_TASK PROMPT:_
From the records below, find each line with the string "width" and copy it.
════════════════════
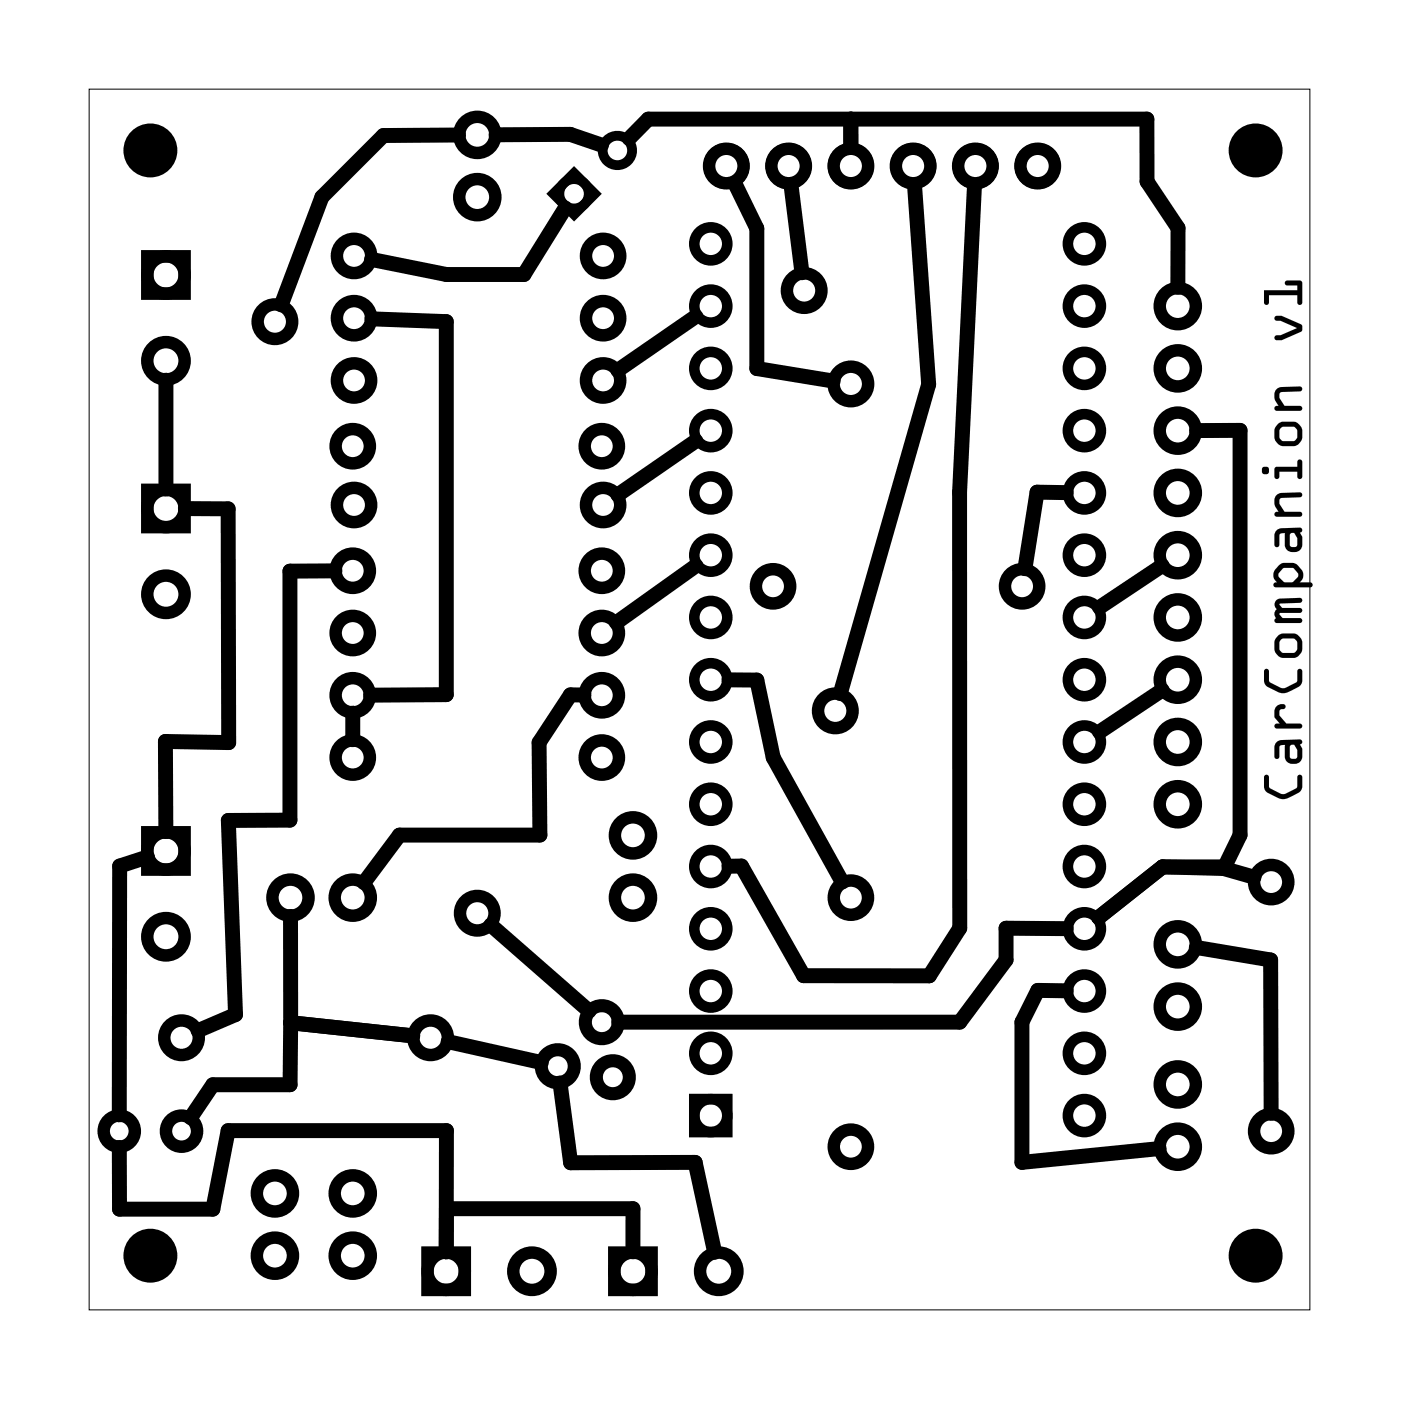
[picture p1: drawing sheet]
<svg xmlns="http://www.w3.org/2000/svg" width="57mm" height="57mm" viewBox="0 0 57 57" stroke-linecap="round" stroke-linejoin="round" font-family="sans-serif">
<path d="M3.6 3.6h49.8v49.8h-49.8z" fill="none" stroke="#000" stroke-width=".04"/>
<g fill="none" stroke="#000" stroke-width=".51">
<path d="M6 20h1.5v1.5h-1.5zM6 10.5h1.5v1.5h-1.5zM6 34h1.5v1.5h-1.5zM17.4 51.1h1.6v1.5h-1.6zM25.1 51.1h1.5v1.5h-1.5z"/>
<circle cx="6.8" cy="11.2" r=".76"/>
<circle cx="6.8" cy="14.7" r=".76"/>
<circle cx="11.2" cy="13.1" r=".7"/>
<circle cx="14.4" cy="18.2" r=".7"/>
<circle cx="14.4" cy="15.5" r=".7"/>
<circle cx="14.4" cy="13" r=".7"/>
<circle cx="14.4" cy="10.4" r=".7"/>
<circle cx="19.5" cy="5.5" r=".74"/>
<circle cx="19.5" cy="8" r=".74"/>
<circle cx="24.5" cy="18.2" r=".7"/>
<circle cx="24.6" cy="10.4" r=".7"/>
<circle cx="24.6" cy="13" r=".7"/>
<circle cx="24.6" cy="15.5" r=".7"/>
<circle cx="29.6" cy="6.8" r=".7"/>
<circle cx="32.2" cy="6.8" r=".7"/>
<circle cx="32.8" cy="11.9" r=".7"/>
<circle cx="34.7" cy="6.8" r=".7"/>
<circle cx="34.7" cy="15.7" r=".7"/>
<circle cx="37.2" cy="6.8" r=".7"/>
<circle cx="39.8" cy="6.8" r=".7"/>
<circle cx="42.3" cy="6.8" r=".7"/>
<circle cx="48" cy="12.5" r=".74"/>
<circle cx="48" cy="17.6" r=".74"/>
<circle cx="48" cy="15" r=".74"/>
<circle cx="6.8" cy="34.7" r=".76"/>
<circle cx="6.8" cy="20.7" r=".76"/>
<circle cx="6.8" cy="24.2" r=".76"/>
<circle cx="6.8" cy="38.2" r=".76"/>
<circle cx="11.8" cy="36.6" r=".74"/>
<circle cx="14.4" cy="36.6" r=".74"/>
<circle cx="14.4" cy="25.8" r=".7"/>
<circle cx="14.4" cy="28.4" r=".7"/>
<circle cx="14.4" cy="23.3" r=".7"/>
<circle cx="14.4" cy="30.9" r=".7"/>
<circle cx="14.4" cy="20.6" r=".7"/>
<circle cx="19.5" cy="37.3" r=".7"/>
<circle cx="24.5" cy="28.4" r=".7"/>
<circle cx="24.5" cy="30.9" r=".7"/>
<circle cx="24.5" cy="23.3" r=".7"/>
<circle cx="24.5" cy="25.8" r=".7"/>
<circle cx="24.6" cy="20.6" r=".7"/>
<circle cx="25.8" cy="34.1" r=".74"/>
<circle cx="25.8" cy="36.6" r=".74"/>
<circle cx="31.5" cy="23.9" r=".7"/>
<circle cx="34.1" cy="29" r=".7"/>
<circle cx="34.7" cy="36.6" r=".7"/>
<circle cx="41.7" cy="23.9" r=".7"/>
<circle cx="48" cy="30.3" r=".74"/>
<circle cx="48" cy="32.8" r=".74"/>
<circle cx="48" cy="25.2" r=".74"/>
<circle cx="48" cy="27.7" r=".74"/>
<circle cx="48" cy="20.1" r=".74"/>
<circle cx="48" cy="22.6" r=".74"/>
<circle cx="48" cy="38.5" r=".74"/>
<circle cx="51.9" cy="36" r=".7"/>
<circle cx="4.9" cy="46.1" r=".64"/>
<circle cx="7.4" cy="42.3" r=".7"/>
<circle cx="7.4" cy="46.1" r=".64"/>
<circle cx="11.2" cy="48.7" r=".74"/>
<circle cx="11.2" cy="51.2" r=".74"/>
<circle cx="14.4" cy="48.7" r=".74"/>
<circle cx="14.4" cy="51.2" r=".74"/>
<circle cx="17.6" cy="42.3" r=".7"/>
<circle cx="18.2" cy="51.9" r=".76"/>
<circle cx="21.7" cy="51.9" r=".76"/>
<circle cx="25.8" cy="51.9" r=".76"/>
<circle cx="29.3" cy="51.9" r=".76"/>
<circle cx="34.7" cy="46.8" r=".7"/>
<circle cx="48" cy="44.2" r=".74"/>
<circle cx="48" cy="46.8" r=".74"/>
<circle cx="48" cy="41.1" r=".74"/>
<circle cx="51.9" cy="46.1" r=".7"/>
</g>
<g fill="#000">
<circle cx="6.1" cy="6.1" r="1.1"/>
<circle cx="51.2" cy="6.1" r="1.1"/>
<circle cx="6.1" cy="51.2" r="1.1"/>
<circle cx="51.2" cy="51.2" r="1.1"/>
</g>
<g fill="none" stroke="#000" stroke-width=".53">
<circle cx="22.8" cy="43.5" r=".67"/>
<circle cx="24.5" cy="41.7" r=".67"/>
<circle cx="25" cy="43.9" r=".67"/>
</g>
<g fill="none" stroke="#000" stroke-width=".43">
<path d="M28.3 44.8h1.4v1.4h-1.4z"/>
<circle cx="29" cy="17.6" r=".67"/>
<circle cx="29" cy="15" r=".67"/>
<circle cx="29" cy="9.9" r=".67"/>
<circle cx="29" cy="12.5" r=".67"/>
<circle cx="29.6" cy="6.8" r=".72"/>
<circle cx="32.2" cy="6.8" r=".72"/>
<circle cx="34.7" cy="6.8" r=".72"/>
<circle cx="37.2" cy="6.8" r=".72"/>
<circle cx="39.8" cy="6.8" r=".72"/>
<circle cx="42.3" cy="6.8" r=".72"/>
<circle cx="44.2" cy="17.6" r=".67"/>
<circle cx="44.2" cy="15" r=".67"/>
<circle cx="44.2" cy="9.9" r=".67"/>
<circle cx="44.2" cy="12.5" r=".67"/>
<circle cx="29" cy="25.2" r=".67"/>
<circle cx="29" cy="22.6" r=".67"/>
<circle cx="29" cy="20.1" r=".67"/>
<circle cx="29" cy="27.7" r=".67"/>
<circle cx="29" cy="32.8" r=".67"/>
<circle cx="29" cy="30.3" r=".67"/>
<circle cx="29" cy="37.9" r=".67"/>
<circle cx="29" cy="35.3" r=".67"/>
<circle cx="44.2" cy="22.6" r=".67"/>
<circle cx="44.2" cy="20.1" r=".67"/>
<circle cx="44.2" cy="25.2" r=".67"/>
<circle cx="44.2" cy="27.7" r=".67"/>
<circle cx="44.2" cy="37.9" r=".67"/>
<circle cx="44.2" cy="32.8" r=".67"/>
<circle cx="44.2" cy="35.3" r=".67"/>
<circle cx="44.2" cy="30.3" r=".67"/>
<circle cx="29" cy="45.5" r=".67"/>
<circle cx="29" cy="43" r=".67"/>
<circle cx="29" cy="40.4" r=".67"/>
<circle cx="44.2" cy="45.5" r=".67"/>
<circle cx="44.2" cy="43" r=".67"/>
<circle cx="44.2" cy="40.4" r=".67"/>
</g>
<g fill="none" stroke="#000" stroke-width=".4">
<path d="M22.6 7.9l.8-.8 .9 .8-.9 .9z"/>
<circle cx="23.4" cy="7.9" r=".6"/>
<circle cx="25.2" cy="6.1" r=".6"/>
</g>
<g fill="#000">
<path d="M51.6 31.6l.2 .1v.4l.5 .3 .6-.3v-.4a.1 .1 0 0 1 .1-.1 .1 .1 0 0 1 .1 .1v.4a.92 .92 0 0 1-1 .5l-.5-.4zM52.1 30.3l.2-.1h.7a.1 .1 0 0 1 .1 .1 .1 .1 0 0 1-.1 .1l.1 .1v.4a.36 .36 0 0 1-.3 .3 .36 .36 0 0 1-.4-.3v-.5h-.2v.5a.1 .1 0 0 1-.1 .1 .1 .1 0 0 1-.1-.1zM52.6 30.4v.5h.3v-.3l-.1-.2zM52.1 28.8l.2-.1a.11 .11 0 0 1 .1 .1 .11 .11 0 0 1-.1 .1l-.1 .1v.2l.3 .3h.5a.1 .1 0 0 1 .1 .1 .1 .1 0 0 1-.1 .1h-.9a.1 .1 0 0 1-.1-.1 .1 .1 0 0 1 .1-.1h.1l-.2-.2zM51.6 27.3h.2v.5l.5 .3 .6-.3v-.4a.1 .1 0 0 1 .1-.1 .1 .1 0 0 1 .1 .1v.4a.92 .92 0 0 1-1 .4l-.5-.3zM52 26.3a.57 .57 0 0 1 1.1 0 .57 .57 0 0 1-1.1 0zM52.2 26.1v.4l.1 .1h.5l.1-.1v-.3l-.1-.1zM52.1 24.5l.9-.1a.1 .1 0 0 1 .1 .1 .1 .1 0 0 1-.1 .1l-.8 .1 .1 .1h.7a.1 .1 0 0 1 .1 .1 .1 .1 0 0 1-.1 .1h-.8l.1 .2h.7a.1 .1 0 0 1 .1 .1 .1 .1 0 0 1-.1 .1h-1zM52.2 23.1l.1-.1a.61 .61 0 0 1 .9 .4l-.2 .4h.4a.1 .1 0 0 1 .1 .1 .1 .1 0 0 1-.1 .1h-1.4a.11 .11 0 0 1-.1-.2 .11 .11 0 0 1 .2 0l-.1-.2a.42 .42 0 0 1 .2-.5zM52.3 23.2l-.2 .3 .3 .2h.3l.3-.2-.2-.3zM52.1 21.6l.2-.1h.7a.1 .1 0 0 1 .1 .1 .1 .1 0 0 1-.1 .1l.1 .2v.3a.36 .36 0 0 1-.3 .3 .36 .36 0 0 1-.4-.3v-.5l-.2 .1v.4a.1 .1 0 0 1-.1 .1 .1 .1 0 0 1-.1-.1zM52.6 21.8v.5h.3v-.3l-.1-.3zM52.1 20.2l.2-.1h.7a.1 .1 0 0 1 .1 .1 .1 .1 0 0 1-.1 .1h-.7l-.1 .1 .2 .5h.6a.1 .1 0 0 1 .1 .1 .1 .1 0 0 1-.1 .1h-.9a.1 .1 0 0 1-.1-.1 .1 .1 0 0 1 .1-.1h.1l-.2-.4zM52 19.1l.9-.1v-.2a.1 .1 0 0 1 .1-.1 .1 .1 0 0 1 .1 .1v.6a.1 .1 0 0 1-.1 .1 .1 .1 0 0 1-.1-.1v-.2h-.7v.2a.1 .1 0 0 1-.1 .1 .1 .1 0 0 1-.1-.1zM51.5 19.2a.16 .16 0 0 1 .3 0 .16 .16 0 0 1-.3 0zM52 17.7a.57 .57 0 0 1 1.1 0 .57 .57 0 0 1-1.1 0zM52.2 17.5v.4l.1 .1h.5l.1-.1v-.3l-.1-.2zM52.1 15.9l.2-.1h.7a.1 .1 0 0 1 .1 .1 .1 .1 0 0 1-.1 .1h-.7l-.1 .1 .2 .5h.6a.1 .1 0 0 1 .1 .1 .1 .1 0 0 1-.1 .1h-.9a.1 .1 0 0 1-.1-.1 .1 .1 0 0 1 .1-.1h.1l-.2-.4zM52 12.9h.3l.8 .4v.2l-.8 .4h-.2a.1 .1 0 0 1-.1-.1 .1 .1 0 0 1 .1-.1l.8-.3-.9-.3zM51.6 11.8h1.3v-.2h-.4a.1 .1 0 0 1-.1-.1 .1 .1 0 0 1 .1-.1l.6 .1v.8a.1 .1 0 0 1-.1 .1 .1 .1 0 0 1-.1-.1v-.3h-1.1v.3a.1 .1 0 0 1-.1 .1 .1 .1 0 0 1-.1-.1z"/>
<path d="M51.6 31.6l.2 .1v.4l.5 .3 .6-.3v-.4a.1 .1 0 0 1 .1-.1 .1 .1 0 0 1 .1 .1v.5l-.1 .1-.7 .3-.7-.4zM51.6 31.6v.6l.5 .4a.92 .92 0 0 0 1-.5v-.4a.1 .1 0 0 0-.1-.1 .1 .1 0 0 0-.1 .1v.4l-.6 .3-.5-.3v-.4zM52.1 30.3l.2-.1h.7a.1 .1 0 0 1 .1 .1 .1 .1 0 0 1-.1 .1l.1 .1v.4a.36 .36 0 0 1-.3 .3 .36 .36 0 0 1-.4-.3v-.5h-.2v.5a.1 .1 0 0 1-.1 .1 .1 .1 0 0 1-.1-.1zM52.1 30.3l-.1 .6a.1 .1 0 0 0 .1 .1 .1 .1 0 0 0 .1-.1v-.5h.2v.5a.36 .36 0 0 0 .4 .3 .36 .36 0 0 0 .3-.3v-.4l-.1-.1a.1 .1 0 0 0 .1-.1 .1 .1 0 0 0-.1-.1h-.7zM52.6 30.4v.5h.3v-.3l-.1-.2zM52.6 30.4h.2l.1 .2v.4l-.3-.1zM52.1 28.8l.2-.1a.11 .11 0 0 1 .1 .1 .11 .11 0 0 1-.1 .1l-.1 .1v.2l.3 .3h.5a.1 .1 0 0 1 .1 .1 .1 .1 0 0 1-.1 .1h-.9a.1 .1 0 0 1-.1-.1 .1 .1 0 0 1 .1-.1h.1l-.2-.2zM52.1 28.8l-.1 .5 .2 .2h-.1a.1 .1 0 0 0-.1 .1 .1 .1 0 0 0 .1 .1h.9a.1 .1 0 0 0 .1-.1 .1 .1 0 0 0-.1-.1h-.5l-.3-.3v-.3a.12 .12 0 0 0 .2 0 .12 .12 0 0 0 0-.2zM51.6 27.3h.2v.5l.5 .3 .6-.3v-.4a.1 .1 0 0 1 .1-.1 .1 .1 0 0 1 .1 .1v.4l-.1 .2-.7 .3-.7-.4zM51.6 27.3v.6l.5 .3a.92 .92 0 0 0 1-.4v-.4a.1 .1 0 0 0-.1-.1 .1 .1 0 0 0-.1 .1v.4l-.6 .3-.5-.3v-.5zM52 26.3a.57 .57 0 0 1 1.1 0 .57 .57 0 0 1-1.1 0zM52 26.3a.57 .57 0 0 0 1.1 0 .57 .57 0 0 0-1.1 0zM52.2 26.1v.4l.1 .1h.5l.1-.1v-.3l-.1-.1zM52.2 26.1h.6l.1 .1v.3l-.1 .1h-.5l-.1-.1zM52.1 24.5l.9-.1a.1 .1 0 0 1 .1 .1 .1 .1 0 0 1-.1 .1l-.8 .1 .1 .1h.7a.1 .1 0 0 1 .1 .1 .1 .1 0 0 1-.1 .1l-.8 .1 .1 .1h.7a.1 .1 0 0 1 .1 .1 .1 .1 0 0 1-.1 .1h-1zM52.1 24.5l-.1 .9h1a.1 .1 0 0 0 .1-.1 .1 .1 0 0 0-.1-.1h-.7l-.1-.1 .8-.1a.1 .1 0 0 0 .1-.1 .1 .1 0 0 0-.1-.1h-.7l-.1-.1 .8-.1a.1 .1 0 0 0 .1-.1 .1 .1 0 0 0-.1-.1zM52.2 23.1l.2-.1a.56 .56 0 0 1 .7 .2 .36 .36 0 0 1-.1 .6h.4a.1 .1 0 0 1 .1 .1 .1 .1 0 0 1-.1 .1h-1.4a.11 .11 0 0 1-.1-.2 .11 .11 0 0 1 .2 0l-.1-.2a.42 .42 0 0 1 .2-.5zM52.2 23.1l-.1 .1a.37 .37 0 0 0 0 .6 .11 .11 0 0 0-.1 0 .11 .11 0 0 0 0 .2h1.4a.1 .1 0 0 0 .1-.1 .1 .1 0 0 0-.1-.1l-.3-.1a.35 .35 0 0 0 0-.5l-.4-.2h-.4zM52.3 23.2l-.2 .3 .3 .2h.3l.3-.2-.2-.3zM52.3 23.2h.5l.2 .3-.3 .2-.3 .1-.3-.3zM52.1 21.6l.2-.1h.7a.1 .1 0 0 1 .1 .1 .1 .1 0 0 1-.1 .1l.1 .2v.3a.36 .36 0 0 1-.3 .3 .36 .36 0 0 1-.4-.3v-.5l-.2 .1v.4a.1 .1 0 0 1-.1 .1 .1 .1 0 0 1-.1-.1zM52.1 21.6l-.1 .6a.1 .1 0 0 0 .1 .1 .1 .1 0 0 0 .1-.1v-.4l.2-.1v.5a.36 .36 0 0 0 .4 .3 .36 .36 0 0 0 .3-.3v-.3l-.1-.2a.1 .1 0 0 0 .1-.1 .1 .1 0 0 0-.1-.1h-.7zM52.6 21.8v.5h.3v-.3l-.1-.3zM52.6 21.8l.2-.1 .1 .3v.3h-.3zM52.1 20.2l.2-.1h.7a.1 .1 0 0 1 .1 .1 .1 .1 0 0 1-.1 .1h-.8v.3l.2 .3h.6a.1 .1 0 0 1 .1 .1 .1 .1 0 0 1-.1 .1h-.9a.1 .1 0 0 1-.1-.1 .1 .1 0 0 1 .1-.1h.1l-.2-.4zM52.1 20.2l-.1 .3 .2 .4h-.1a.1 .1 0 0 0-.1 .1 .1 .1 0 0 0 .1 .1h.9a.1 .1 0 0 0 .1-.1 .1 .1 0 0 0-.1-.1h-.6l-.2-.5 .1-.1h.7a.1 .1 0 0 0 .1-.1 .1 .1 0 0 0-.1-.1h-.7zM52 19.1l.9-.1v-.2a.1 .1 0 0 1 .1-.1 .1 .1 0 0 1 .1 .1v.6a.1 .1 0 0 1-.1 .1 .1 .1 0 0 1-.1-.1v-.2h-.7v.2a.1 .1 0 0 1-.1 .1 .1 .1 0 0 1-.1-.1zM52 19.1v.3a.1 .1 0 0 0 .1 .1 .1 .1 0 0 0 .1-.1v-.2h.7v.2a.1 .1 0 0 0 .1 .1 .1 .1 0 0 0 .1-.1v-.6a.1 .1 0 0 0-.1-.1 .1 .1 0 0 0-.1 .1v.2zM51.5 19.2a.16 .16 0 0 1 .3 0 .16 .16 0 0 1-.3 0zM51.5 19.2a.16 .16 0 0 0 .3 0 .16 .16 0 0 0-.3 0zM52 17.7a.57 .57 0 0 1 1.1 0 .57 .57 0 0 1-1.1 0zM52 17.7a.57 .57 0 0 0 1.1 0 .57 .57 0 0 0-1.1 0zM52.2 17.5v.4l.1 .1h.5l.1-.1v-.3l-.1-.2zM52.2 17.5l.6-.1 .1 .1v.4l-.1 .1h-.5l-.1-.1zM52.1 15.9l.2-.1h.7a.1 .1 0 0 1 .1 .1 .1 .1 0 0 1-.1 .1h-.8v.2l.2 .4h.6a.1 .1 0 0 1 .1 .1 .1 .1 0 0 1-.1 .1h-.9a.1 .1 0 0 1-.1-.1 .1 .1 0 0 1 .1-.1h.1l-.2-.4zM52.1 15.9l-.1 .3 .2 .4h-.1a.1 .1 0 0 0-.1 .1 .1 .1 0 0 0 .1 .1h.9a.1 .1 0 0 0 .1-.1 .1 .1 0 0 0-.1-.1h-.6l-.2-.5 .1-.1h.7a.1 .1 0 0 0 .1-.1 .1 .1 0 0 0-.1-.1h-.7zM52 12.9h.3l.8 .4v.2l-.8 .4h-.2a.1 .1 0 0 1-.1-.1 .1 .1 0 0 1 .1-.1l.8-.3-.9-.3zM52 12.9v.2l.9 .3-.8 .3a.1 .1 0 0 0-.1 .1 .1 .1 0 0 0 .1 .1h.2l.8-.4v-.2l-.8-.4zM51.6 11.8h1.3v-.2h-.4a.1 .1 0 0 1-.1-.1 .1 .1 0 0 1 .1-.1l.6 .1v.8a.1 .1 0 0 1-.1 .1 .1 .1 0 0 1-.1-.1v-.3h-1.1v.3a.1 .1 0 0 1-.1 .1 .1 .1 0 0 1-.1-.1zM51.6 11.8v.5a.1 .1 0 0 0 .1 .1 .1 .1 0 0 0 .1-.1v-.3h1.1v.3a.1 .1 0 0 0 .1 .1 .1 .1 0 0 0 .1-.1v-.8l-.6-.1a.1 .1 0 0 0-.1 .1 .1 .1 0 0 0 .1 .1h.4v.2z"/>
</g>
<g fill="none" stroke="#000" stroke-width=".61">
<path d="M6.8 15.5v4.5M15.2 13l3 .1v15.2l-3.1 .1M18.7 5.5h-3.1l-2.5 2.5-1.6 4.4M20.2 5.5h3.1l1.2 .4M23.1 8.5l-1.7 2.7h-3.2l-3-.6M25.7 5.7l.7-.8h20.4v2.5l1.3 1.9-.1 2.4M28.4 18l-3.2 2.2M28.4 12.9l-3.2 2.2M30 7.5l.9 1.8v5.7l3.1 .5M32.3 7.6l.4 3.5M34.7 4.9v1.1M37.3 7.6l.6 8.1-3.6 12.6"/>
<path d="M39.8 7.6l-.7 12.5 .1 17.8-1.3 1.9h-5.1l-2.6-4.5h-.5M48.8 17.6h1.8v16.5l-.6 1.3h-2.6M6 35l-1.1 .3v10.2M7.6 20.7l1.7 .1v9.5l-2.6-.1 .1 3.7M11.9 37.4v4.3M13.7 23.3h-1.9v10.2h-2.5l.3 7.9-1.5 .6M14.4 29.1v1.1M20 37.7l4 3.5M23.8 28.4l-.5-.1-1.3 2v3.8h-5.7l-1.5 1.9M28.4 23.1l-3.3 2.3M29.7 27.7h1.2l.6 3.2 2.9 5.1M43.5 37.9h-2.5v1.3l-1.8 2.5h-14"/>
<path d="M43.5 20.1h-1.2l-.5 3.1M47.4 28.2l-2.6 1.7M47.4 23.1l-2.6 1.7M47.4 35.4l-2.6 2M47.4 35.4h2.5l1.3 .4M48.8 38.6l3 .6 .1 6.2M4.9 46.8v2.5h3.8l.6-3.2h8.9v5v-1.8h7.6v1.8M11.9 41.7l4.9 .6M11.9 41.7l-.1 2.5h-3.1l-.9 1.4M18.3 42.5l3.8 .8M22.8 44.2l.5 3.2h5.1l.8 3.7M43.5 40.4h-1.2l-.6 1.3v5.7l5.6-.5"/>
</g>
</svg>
════════════════════
_THE ANSWER:_
<svg xmlns="http://www.w3.org/2000/svg" width="57mm" height="57mm" viewBox="0 0 57 57" stroke-linecap="round" stroke-linejoin="round" font-family="sans-serif">
<path d="M3.6 3.6h49.8v49.8h-49.8z" fill="none" stroke="#000" stroke-width=".04"/>
<g fill="none" stroke="#000" stroke-width=".51">
<g fill="none" stroke="#000" stroke-width=".53">
<g fill="none" stroke="#000" stroke-width=".43">
<g fill="none" stroke="#000" stroke-width=".4">
<g fill="none" stroke="#000" stroke-width=".61">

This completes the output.